*Task inputs*:
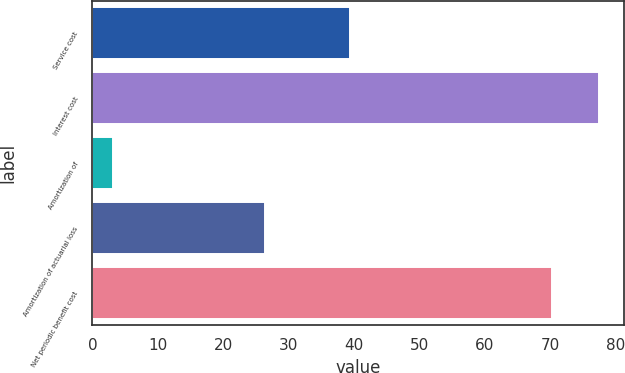Convert chart to OTSL. <chart><loc_0><loc_0><loc_500><loc_500><bar_chart><fcel>Service cost<fcel>Interest cost<fcel>Amortization of<fcel>Amortization of actuarial loss<fcel>Net periodic benefit cost<nl><fcel>39.4<fcel>77.43<fcel>3.2<fcel>26.4<fcel>70.3<nl></chart> 
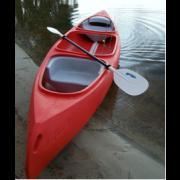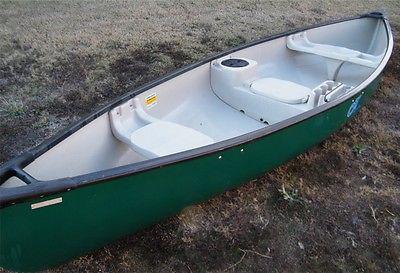The first image is the image on the left, the second image is the image on the right. Analyze the images presented: Is the assertion "The left image has a red canoe with a paddle on it." valid? Answer yes or no. Yes. The first image is the image on the left, the second image is the image on the right. Given the left and right images, does the statement "All of the canoes and kayaks have oars on them." hold true? Answer yes or no. No. 
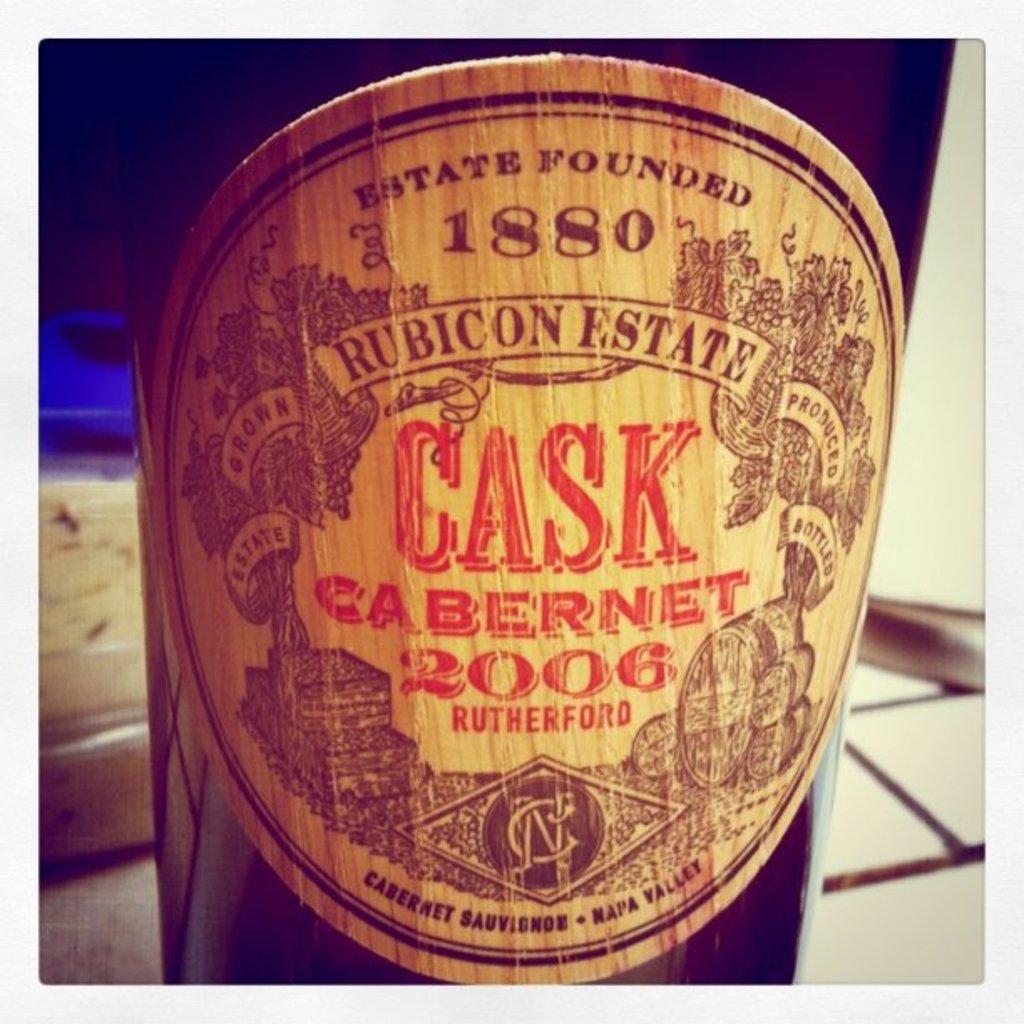What year is this wine?
Your response must be concise. 2006. What valley is this wine from?
Give a very brief answer. Napa.

*Exercise instructions*: The result should be the full set of entries above, restated exactly and without images.

*Finished exercise*:
Convert chart to OTSL. <chart><loc_0><loc_0><loc_500><loc_500><bar_chart><fcel>Service cost<fcel>Interest cost<fcel>Amortization of<fcel>Amortization of actuarial loss<fcel>Net periodic benefit cost<nl><fcel>39.4<fcel>77.43<fcel>3.2<fcel>26.4<fcel>70.3<nl></chart> 
The first image is the image on the left, the second image is the image on the right. Analyze the images presented: Is the assertion "The left image has a red canoe with a paddle on it." valid? Answer yes or no. Yes. The first image is the image on the left, the second image is the image on the right. Given the left and right images, does the statement "All of the canoes and kayaks have oars on them." hold true? Answer yes or no. No. 
What year is this wine?
Your response must be concise. 2006. What valley is this wine from?
Give a very brief answer. Napa.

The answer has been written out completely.